[Source data]
━━━━━━━━━━━━━━━━━━━━━━━━━━━━━━
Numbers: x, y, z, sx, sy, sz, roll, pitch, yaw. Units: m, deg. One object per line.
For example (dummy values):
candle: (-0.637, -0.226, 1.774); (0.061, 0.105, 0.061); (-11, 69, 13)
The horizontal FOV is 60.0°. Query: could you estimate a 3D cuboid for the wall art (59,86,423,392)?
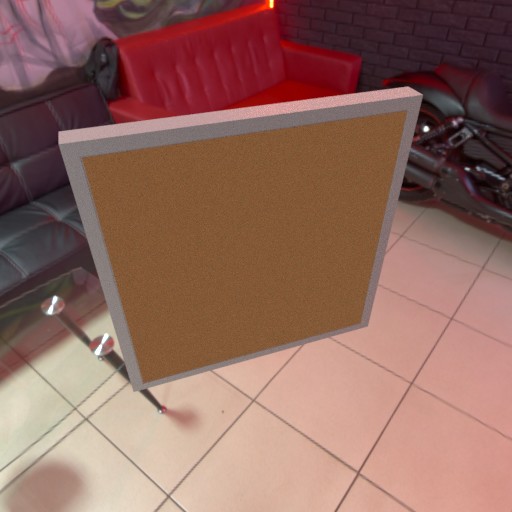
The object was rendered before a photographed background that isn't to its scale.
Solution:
wall art: (0.000, 0.000, 0.761); (0.506, 0.506, 0.038); (-12, 41, -15)
━━━━━━━━━━━━━━━━━━━━━━━━━━━━━━
Whenever the word "object" appears in a line of the data above, that line counts. Say how many lines count, and nothing more.

2